### TASK REQUIREMENTS
Among the entries below, the lines from the one with "How about a" up to and including the one with "metres, angles in degrees. One object per line." are to be restated exactly, without pictures.
[RECORDS SUPPLIED]
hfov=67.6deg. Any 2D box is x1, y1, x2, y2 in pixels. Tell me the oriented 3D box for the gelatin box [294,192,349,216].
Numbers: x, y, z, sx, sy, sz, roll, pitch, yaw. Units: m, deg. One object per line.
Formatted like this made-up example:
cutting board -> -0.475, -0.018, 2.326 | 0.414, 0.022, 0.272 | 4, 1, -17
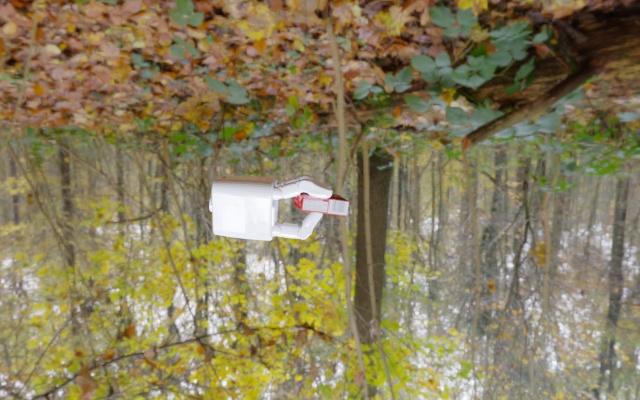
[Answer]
gelatin box -> 0.000, 0.003, 0.873 | 0.089, 0.030, 0.073 | 7, 8, -13
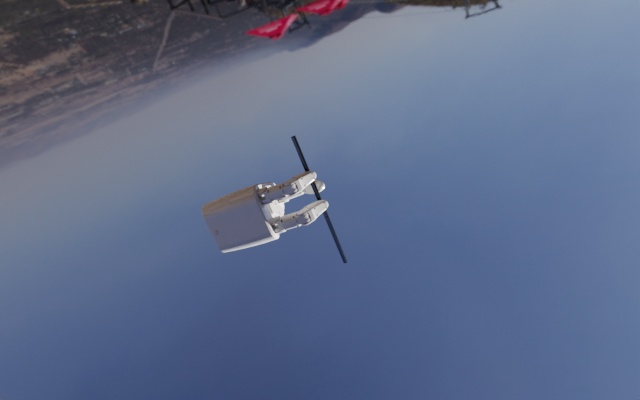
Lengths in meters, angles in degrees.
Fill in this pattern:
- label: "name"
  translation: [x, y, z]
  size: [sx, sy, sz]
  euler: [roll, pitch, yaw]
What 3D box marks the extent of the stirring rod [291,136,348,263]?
- label: "stirring rod"
  translation: [0.000, 0.003, 0.807]
  size: [0.011, 0.239, 0.011]
  euler: [-21, 17, 7]
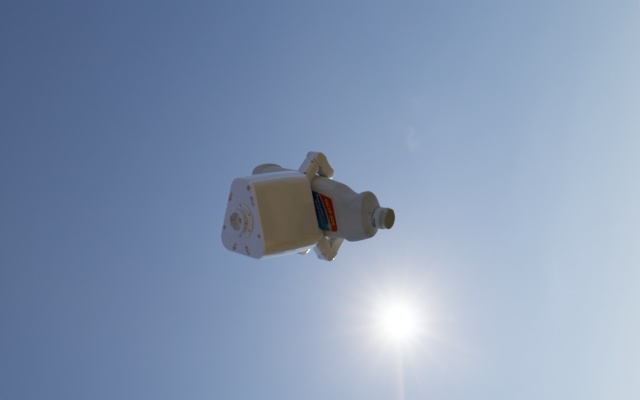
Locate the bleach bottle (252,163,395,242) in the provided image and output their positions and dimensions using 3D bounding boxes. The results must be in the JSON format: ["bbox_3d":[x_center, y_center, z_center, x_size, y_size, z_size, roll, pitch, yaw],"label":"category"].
[{"bbox_3d":[0.000,0.002,0.732,0.251,0.102,0.068,9,12,40],"label":"bleach bottle"}]
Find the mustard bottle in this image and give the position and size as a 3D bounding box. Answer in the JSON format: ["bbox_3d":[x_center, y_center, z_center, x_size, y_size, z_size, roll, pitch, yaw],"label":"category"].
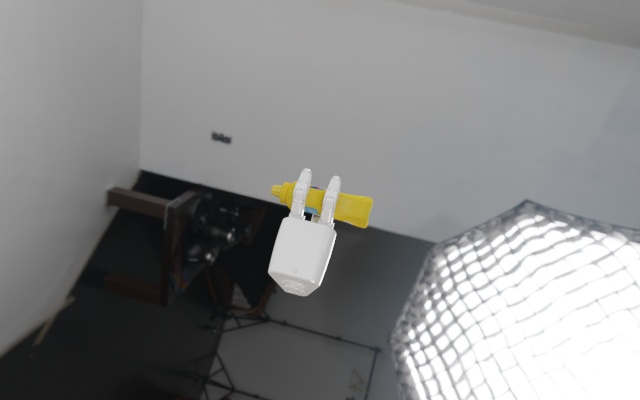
[{"bbox_3d":[0.000,0.003,0.900,0.191,0.058,0.096,13,-3,6],"label":"mustard bottle"}]
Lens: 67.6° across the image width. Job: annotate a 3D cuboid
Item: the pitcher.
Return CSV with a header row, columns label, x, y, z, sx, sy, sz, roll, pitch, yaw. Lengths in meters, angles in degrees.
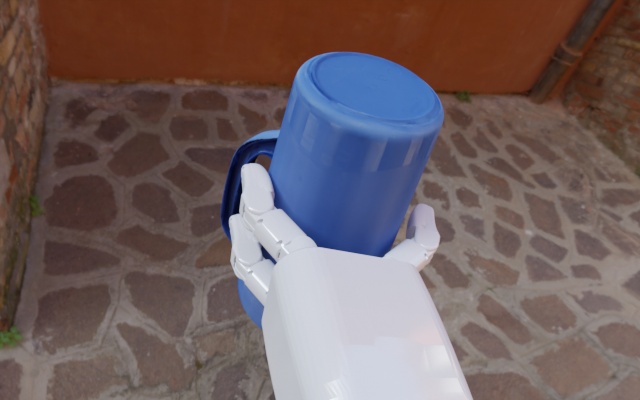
label,x,y,z,sx,sy,sz,roll,pitch,yaw
pitcher,0.000,0.001,0.409,0.149,0.243,0.145,1,44,-18
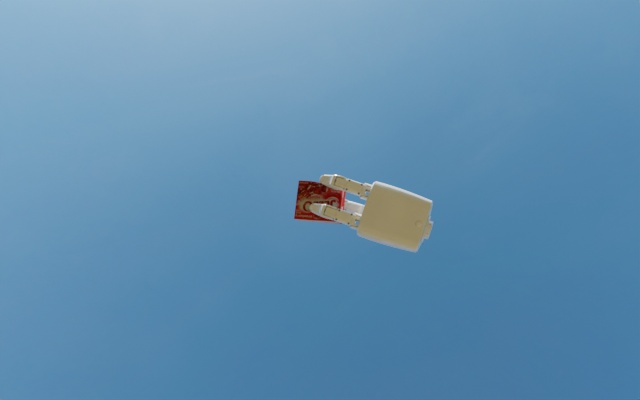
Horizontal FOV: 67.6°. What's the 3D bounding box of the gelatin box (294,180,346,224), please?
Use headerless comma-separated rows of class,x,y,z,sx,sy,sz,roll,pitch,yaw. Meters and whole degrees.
gelatin box,0.000,0.003,0.876,0.089,0.073,0.030,4,-9,19
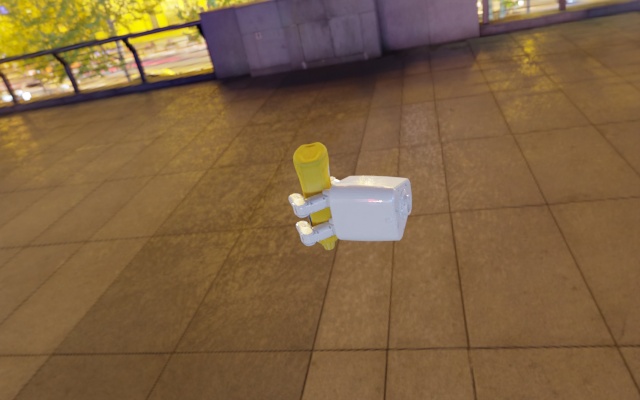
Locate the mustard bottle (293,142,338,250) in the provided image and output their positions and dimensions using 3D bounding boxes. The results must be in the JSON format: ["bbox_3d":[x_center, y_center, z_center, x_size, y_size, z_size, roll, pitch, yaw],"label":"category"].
[{"bbox_3d":[0.000,0.003,0.831,0.058,0.192,0.096,-11,27,3],"label":"mustard bottle"}]
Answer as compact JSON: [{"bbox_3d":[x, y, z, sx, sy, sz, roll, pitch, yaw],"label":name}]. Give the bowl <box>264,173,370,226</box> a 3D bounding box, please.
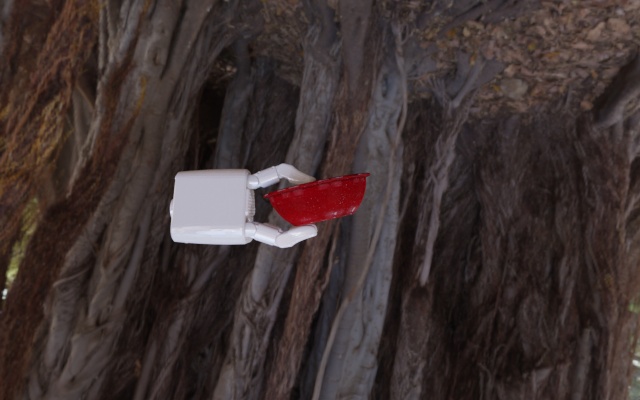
[{"bbox_3d":[0.001,0.003,0.708,0.162,0.055,0.162,-13,-2,0],"label":"bowl"}]
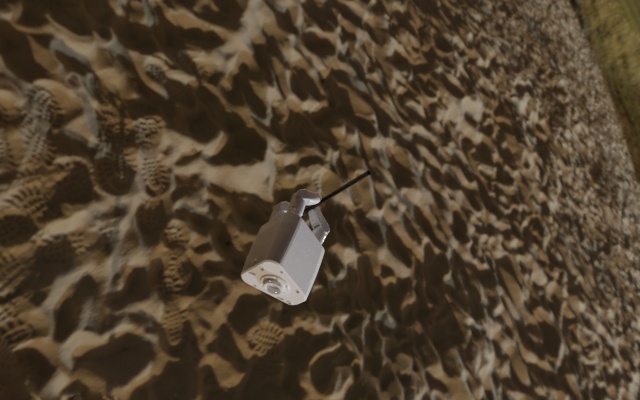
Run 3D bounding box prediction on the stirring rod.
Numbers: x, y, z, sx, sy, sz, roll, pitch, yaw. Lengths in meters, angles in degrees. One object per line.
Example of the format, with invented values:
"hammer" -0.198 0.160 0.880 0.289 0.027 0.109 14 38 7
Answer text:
"stirring rod" 0.000 0.003 0.860 0.011 0.011 0.239 0 -24 -46
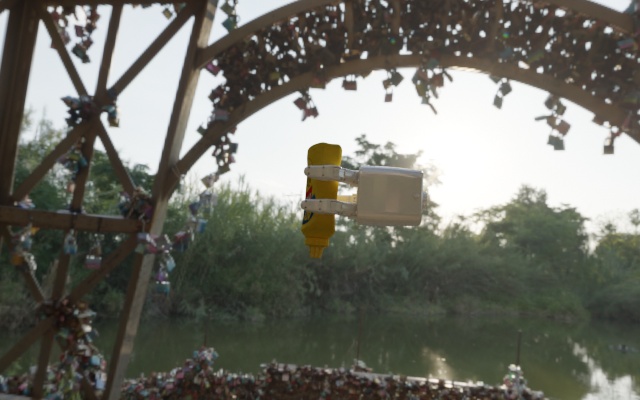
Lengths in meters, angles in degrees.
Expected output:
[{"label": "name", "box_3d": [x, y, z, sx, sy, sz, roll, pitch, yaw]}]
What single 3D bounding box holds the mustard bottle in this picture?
[{"label": "mustard bottle", "box_3d": [0.000, 0.002, 0.819, 0.058, 0.191, 0.096, 7, -8, -15]}]
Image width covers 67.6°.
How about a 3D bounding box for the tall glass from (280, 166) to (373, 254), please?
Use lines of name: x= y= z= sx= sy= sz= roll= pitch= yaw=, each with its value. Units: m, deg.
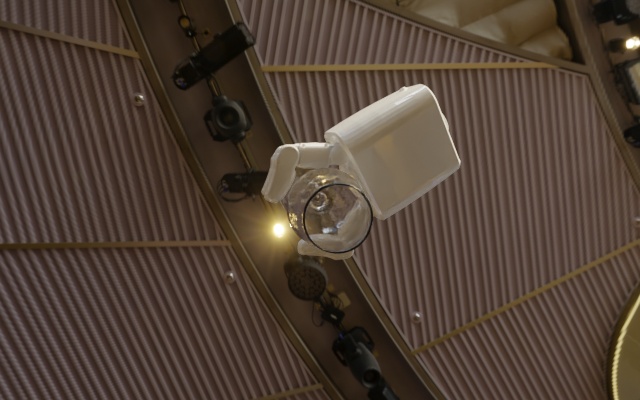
tall glass: x=0.000 y=0.002 z=0.504 sx=0.079 sy=0.079 sz=0.201 roll=0 pitch=8 yaw=-9
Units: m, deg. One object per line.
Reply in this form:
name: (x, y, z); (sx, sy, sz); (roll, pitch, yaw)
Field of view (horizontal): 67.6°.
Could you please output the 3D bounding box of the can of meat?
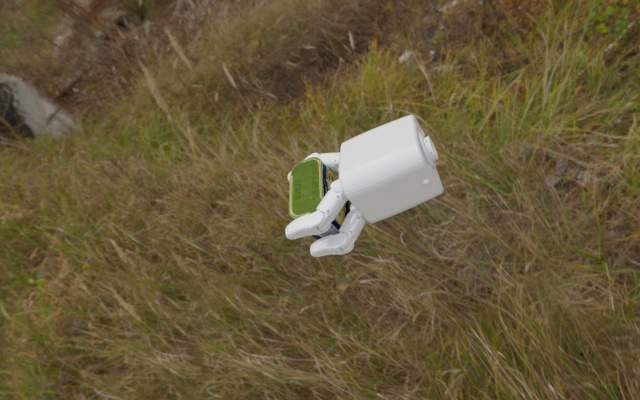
can of meat: (0.000, 0.002, 0.663); (0.057, 0.102, 0.084); (-20, -40, 22)
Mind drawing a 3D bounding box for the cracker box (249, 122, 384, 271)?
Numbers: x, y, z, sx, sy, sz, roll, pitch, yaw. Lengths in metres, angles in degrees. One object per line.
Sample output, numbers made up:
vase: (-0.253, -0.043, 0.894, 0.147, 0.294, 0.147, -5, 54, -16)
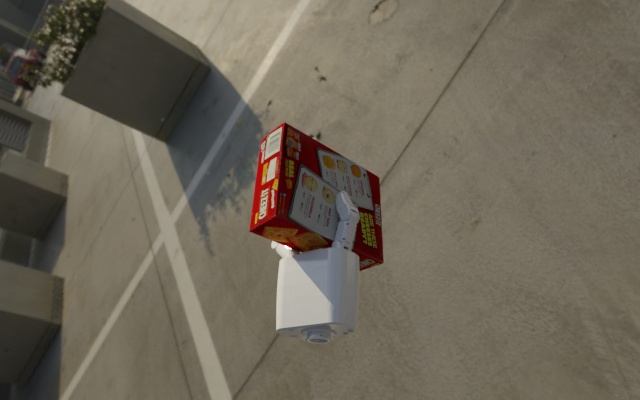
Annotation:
cracker box: (0.000, 0.002, 0.741, 0.214, 0.164, 0.072, 26, -39, -35)
[/RECORDS SUPPLIED]
### ANSWER BELOW
How about a 3D bounding box for the tall glass from (280, 166) to (373, 254), please?
Use lines of name: x= y= z= sx= sy= sz= roll= pitch= yaw=, each with its value. Units: m, deg.
tall glass: x=0.000 y=0.002 z=0.504 sx=0.079 sy=0.079 sz=0.201 roll=0 pitch=8 yaw=-9
Units: m, deg. One object per line.
Reply in this form:
name: (x, y, z); (sx, sy, sz); (roll, pitch, yaw)
Field of view (horizontal): 67.6°.
Could you please output the 3D bounding box of the can of meat?
can of meat: (0.000, 0.002, 0.663); (0.057, 0.102, 0.084); (-20, -40, 22)
Mind drawing a 3D bounding box for the cracker box (249, 122, 384, 271)?
Numbers: x, y, z, sx, sy, sz, roll, pitch, yaw. Lengths in metres, angles in degrees. One object per line.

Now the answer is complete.